OHVATN":zoyuksbr said:
Could one of the resident statisticians and SEC/Alabama homers please explain what a team's opponents' records and their opponents' records have to do with playing and winning the game on any given Saturday? Answer, nothing. If it did, then the top 4 on 1/13/2015 should have been:
1-Auburn
2-Alabama
3-Ole Miss
4-Arkansas
These teams were 1-3 in bowl games against allegedly lesser, weaker competition.
Oregon was 5 and Ohio State was 6. You know the rest of that story.

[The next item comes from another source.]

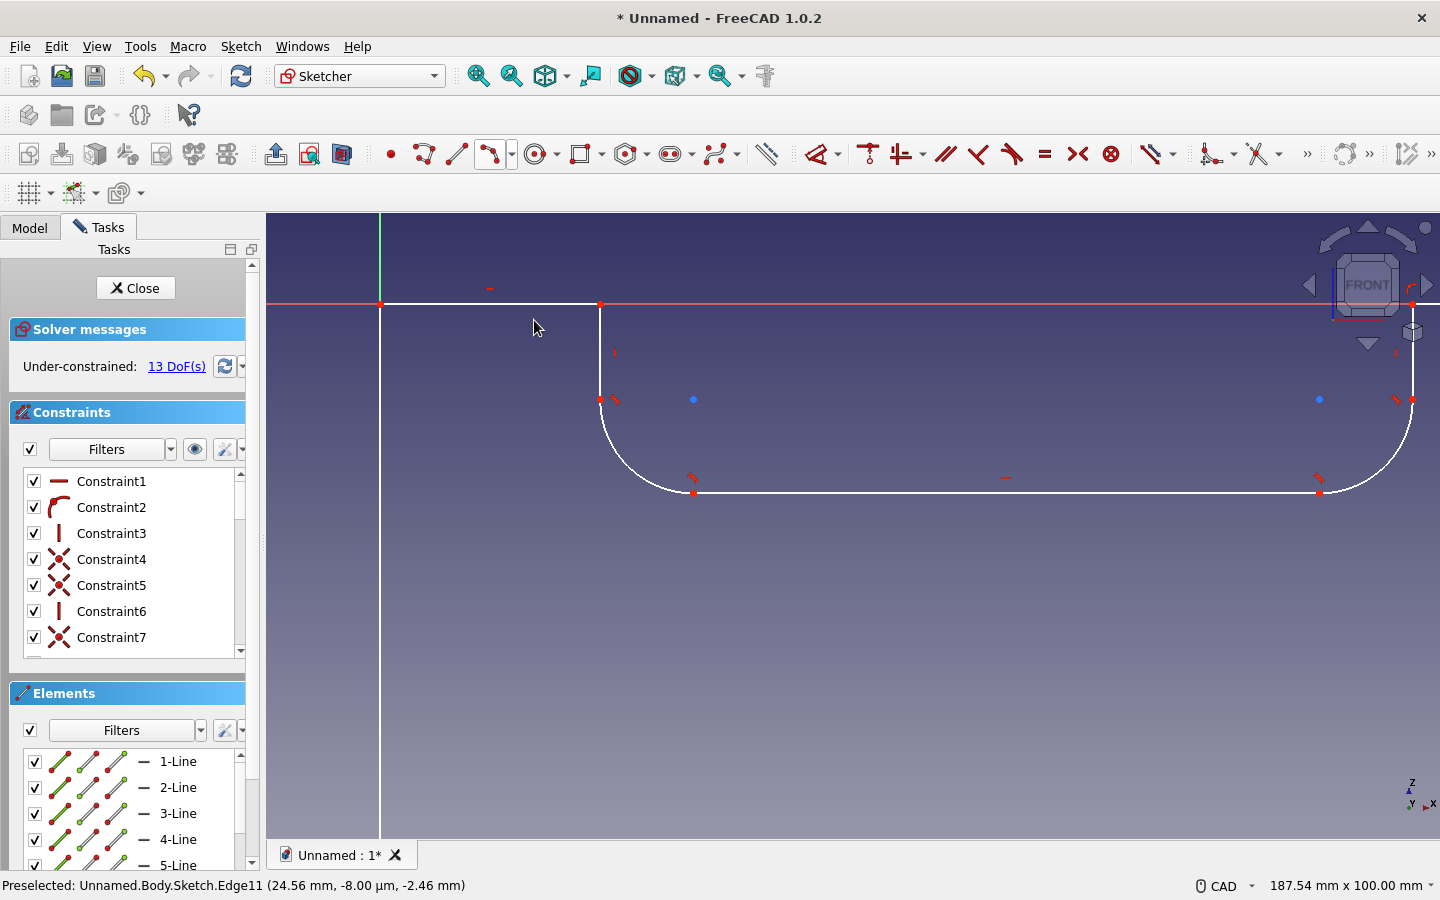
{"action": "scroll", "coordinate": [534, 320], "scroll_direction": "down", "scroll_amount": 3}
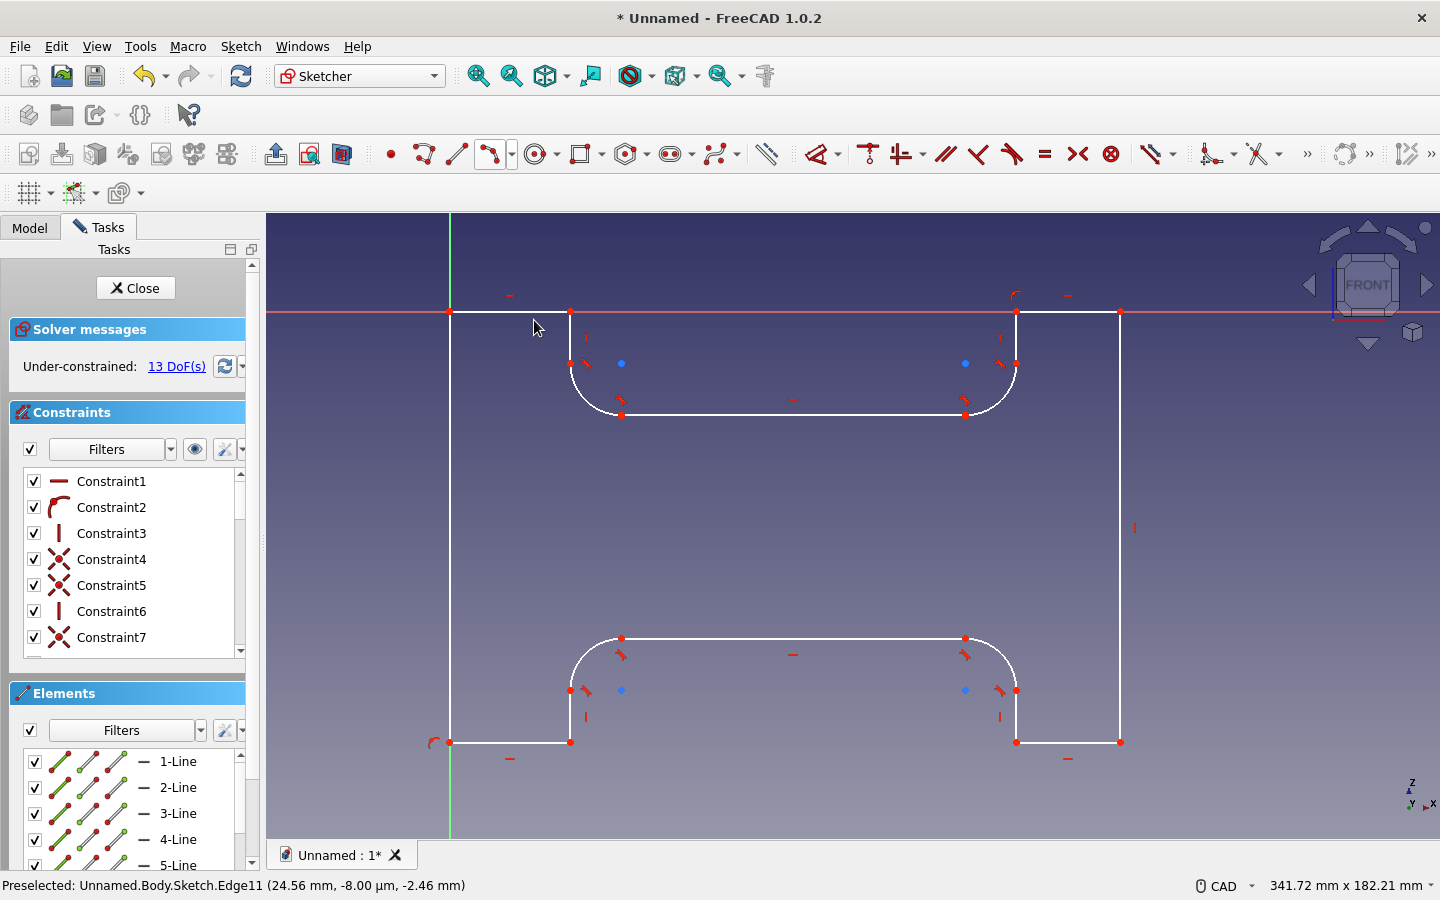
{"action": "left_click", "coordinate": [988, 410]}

You ask a legitimate question, so I'll try to give you a cogent answer. First, it appears to me that you have a misunderstanding of strength-of-schedule (SoS); it has
nothing to do with a team's win/loss record, it is simply at attempt to quantify how
difficult a team's
schedule was. It's theoretically possible that a team could go 0-12 and still be number 1 in the SoS category if they scheduled a bunch of great teams and lost to them all. 3-9 Ga Tech with a 15 SoS is a good example this year.
What SoS
does is allow you to compare teams with
similar records when there is no head-to-head game to differentiate. Your theoretical top-4 from last year is meaningless since none of those teams had similar records. However, if you look at what
actually happened: After all of the conference championship games were played, the committee was looking at roughly six teams that were "in contention:" FSU (13-0, 31 SoS), Alabama (12-1, 2 SoS), Oregon (12-1, 12 SoS), Ohio State (12-1, 26 SoS), TCU (11-1, 10 SoS), and Baylor (11-1, 13 SoS). We all know who the actual final 4 were. As far as the actual rankings go, it appears that the committee viewed that both Alabama's and Oregon's SoS trumped FSU's one extra win. So the end result was Alabama, Oregon, FSU and Ohio State. Was it a perfect ranking? Absolutely not, but it DOES look like the committee got the four best (or at least best deserving) teams into the playoffs and let them settle it on the field.
Does that make any sense?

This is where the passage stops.